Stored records
----------
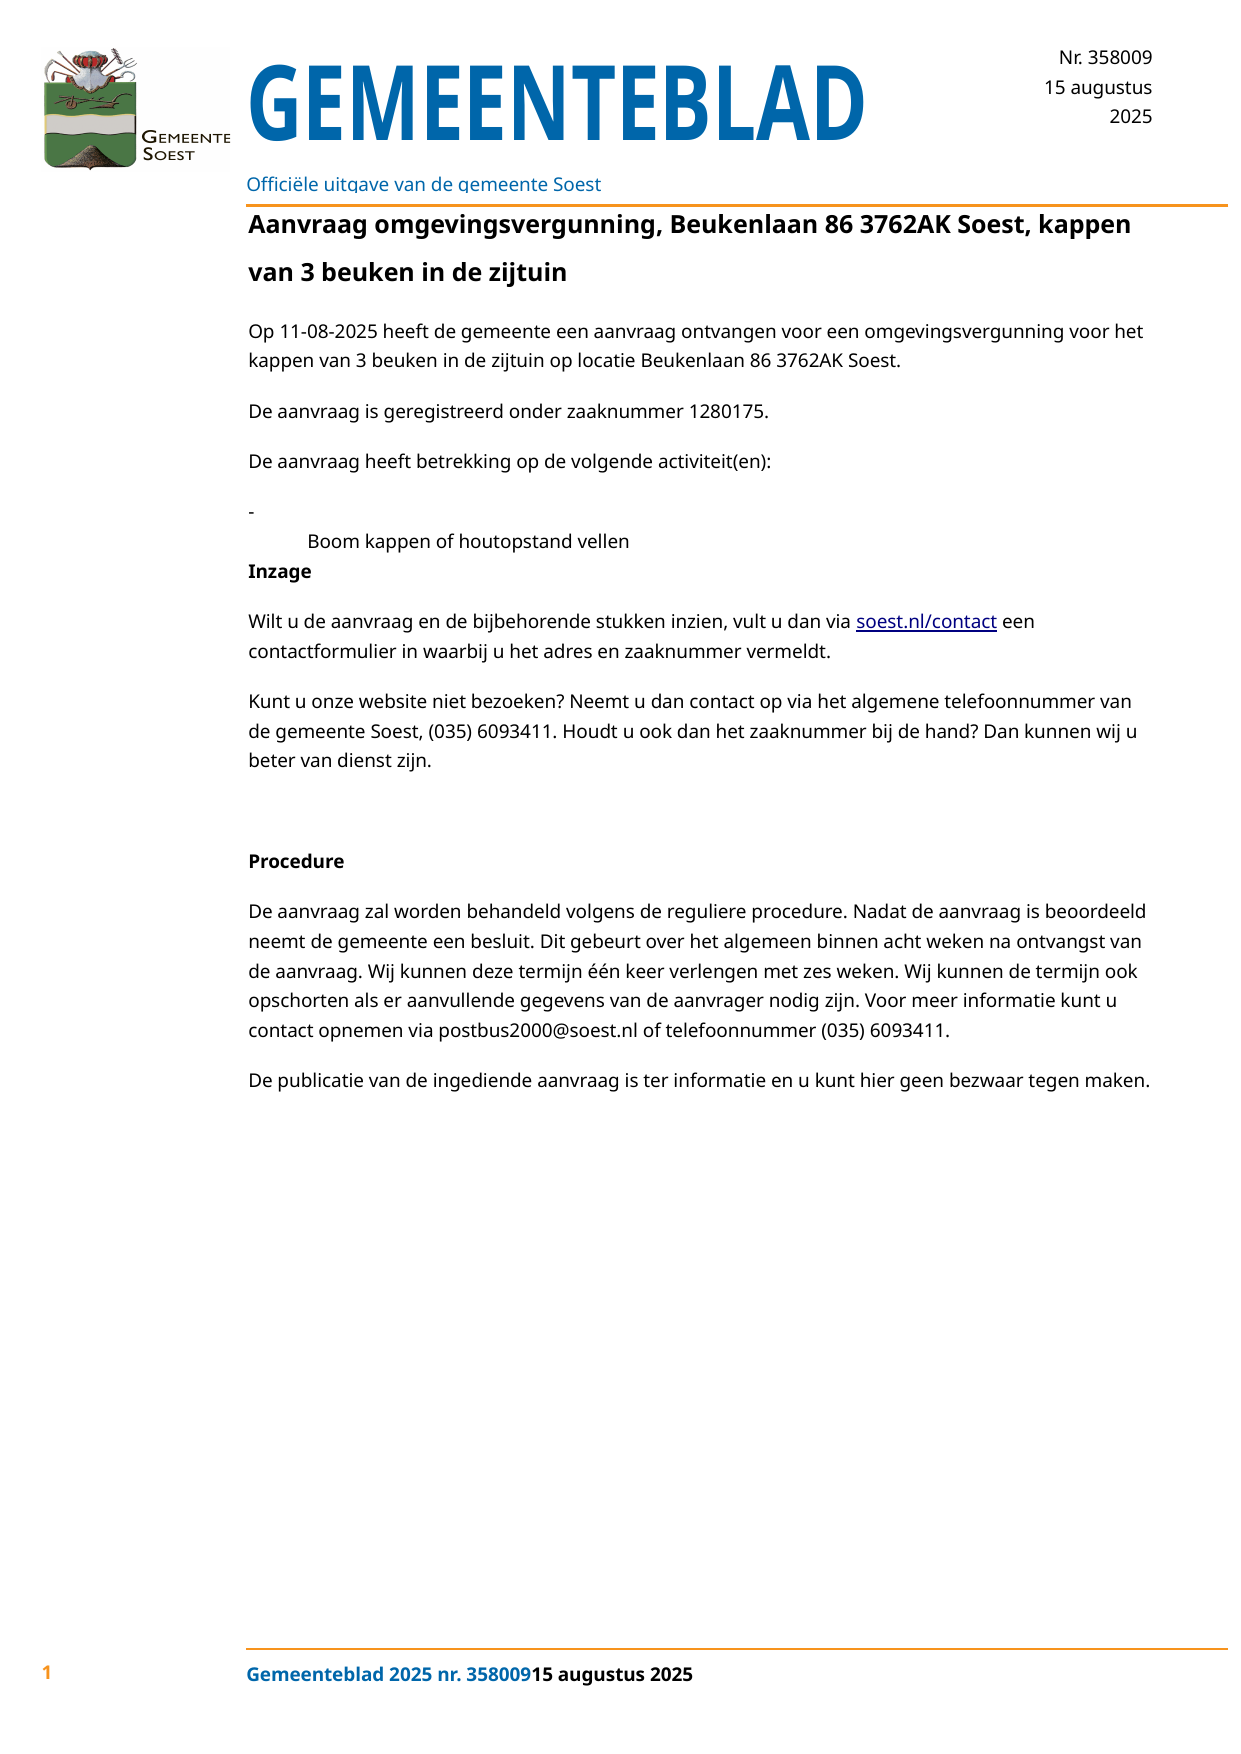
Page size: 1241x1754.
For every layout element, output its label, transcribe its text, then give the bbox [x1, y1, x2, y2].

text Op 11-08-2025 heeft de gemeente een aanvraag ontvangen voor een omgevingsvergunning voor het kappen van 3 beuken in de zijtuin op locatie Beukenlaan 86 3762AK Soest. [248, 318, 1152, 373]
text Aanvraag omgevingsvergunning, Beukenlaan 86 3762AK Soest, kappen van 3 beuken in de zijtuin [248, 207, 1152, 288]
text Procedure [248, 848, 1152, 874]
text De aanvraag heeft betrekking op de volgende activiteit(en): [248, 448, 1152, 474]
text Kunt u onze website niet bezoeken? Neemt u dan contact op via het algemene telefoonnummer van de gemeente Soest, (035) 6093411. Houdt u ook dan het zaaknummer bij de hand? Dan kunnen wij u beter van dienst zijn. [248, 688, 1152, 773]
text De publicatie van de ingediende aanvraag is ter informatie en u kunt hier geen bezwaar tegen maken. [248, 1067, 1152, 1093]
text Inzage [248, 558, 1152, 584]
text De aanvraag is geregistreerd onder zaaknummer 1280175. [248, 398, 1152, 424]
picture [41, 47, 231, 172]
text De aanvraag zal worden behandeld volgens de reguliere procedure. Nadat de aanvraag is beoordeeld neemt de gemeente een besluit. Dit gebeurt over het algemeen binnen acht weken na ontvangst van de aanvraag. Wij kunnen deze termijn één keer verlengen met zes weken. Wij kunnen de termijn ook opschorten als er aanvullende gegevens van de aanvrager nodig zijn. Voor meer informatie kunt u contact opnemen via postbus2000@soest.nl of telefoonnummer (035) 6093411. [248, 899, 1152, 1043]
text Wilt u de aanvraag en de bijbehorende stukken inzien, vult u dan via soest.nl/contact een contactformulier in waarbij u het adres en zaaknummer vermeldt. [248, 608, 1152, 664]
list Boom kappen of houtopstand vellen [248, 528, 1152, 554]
----------
# Required action
Given the records above, reproduce precisely and only the lines between the line holding "text Inzage [248, 558, 1152, 584]" and the line holding "picture [41, 47, 231, 172]", inclusive.

# Solution for this exercise
text Inzage [248, 558, 1152, 584]
text De aanvraag is geregistreerd onder zaaknummer 1280175. [248, 398, 1152, 424]
picture [41, 47, 231, 172]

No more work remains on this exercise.